● **RECORDS SUPPLIED**:
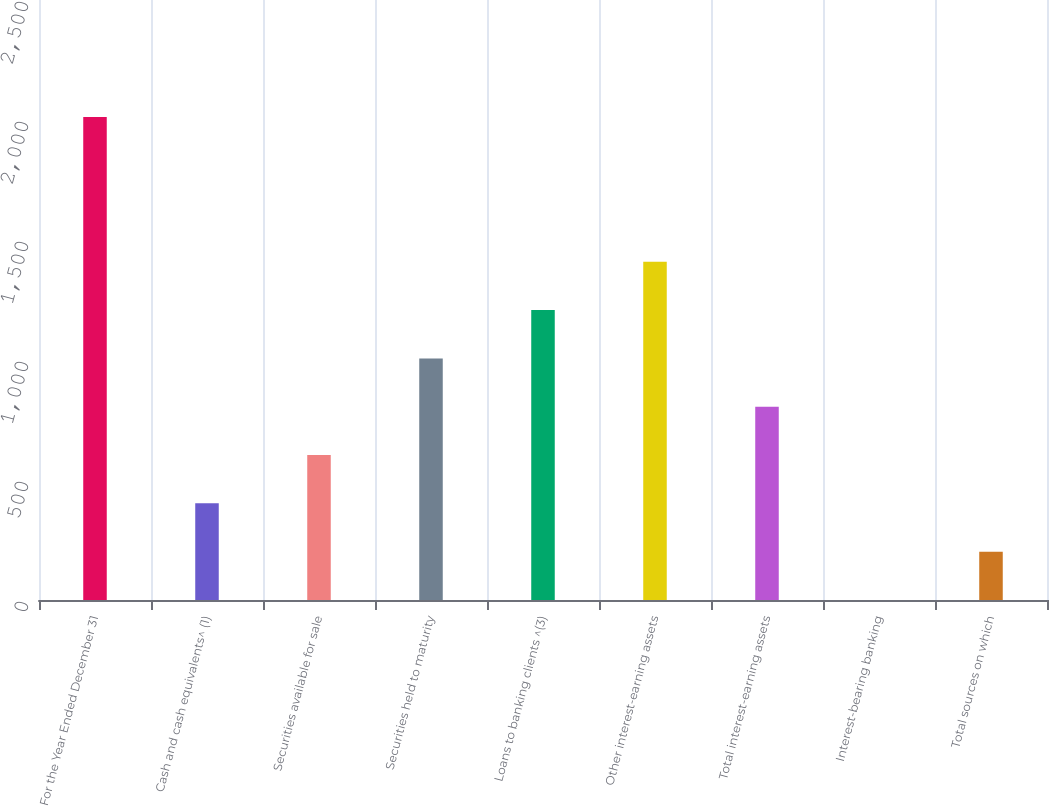<chart> <loc_0><loc_0><loc_500><loc_500><bar_chart><fcel>For the Year Ended December 31<fcel>Cash and cash equivalents^ (1)<fcel>Securities available for sale<fcel>Securities held to maturity<fcel>Loans to banking clients ^(3)<fcel>Other interest-earning assets<fcel>Total interest-earning assets<fcel>Interest-bearing banking<fcel>Total sources on which<nl><fcel>2013<fcel>402.64<fcel>603.94<fcel>1006.54<fcel>1207.84<fcel>1409.14<fcel>805.24<fcel>0.04<fcel>201.34<nl></chart> 
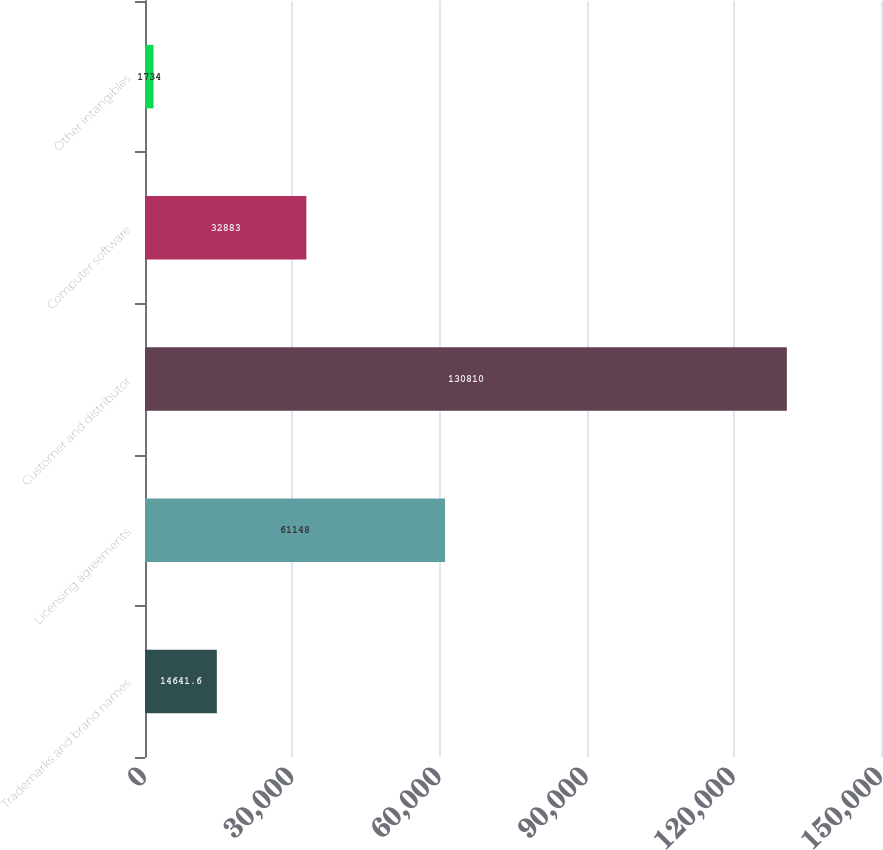<chart> <loc_0><loc_0><loc_500><loc_500><bar_chart><fcel>Trademarks and brand names<fcel>Licensing agreements<fcel>Customer and distributor<fcel>Computer software<fcel>Other intangibles<nl><fcel>14641.6<fcel>61148<fcel>130810<fcel>32883<fcel>1734<nl></chart> 
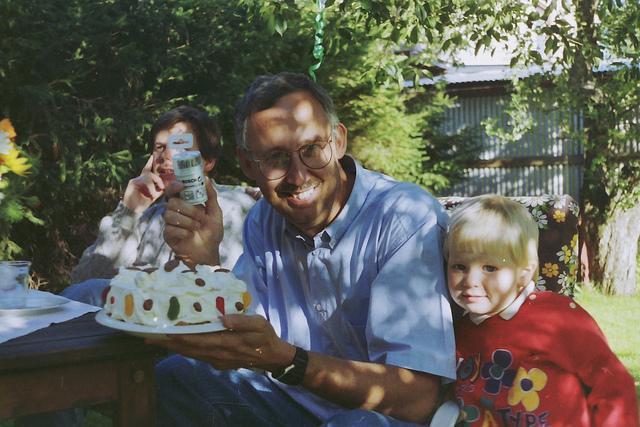What this man doing?
Indicate the correct response by choosing from the four available options to answer the question.
Options: Buying cake, smashing cake, decorating cake, tasting cake. Decorating cake. 
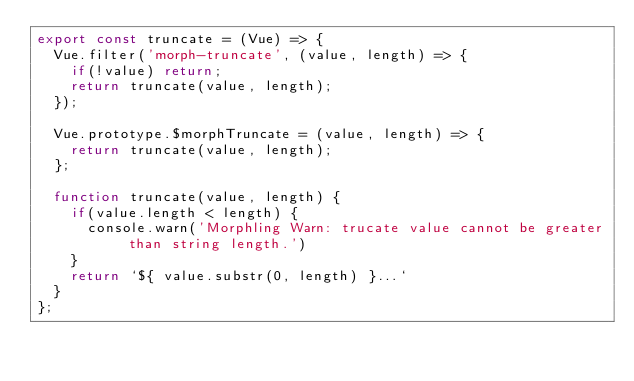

● **GOAL OF THE EXERCISE**: Reproduce the entire listing exactly, but omit any pictures.

● **ANSWER TO THIS EXERCISE**:
<chart> <loc_0><loc_0><loc_500><loc_500><bar_chart><fcel>For the Year Ended December 31<fcel>Cash and cash equivalents^ (1)<fcel>Securities available for sale<fcel>Securities held to maturity<fcel>Loans to banking clients ^(3)<fcel>Other interest-earning assets<fcel>Total interest-earning assets<fcel>Interest-bearing banking<fcel>Total sources on which<nl><fcel>2013<fcel>402.64<fcel>603.94<fcel>1006.54<fcel>1207.84<fcel>1409.14<fcel>805.24<fcel>0.04<fcel>201.34<nl></chart> 
<chart> <loc_0><loc_0><loc_500><loc_500><bar_chart><fcel>Trademarks and brand names<fcel>Licensing agreements<fcel>Customer and distributor<fcel>Computer software<fcel>Other intangibles<nl><fcel>14641.6<fcel>61148<fcel>130810<fcel>32883<fcel>1734<nl></chart> 
What this man doing?
Indicate the correct response by choosing from the four available options to answer the question.
Options: Buying cake, smashing cake, decorating cake, tasting cake. Decorating cake. 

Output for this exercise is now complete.